Corporate Partnerships: Deferral Still?
New section 34.2, stemming from the 2011 budget, addresses the issue
of tax deferral, which can arise when a corporation is a member of a
partnership that has a fiscal period that differs from the corporation’s
tax year. For example, if the former ends on January 31 and the latter
ends on December 31, the pre-budget rule was that the tax on 11 months
of income could be deferred for an entire taxation year. Many tax
practitioners expected that deferral would now be completely
unavailable, but the new measure appears to limit the deferral
opportunity rather than eliminate it completely.
Subject to transitional relief not discussed here, the new rules
create an income inclusion to the corporation for the adjusted stub
period accrual (ASPA). The ASPA is an estimate of the corporation’s
share of the income from the partnership that is earned during the
current corporate taxation year but is not taxable until the subsequent
corporate taxation year. More specifically, it is the income from the
partnership’s most recent T5013 slip multiplied by the ratio of A to B, where A
is the number of days in both (1) the fiscal period of the partnership
that begins in the current corporate taxation year and ends in the
subsequent corporate taxation year and (2) the corporation’s current
taxation year, and B is the number of days in the fiscal period
of the partnership that ends in the corporation’s current taxation
year. In the example above, the ratio of A to B is 334/365; thus, the ASPA is approximately 11 months of income.

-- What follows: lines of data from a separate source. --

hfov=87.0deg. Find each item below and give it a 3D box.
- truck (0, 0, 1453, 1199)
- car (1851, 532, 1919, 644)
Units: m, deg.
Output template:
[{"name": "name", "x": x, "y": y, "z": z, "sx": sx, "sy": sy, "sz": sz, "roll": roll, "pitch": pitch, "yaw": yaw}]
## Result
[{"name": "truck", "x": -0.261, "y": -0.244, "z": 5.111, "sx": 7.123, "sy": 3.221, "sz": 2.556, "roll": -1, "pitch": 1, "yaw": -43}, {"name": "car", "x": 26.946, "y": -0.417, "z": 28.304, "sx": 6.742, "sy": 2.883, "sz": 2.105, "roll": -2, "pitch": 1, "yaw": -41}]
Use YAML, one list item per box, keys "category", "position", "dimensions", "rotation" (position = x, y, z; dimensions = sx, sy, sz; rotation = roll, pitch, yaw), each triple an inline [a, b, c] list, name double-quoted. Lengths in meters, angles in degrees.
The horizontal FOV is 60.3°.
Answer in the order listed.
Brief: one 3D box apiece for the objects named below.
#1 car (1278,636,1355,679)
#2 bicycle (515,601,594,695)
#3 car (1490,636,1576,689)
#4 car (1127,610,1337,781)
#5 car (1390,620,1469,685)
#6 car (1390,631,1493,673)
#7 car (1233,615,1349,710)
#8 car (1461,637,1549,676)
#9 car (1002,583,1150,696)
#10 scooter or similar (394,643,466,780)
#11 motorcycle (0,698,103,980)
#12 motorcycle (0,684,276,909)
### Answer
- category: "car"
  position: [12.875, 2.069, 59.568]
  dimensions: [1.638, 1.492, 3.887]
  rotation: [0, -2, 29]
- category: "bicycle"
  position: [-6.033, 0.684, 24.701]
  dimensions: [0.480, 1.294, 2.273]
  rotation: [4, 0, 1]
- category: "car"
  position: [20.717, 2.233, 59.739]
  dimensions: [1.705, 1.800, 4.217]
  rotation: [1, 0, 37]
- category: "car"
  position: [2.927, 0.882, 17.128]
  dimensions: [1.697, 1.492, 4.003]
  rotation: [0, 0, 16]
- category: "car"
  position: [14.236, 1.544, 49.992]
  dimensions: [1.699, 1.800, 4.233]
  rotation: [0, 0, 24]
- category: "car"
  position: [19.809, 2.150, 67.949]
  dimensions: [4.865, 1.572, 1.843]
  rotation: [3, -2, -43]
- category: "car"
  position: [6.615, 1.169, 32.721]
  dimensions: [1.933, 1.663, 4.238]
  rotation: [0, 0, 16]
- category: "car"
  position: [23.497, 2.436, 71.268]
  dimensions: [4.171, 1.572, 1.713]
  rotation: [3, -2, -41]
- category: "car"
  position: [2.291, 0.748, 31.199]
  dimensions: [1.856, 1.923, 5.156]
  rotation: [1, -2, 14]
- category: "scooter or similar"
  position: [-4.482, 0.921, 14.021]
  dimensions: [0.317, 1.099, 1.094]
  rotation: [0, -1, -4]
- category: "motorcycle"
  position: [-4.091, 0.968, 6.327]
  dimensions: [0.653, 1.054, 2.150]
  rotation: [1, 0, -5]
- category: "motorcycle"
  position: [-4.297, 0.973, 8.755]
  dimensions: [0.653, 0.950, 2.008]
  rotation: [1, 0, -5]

This ASPA may not completely eliminate the deferral in some situations, such as the following.
Assume that a business conducted through a partnership is in the
early stages of its life cycle and is anticipating income growth on an
annual basis. Because the ASPA calculation does not require an
adjustment for anticipated growth beyond the most recent historical
income allocation, any annual growth in the partnership income may still
be subject to a one-year deferral.
Assume that a business is contemplating an acquisition of the
business assets of a target. The taxpayer might consider structuring the
acquisition through a new or existing partnership. The corporate
partners will have a taxation year that differs from the partnership’s
fiscal period. The ASPA calculation does not require an adjustment for
any acquisition-driven growth; therefore, it may be possible to defer a
portion of the income generated by the acquired assets during the first
fiscal period of the acquiring partnership for one taxation year.
Assume that for business reasons, the corporate partners of an
operating partnership are contemplating the transfer of their
partnership interests to other corporate entities within a controlled
group of companies. The partnership has a January 31 fiscal period-end,
which differs from the December 31 taxation year-end for all of the
corporate entities within the group. The interests in the partnership
are transferred to other corporate entities on December 31. There should
not be an ASPA for the new corporate partners, on the basis that the
new corporate partners were not partners in the previous fiscal period.
Furthermore, there may not be an ASPA for the former partners, provided
that the former partners have no entitlement to a share of income for
the partnership fiscal period that ends on the January 31 immediately
following the reorganization year. Thus, partnership income earned
during the current stub period may be subject to a one-year deferral.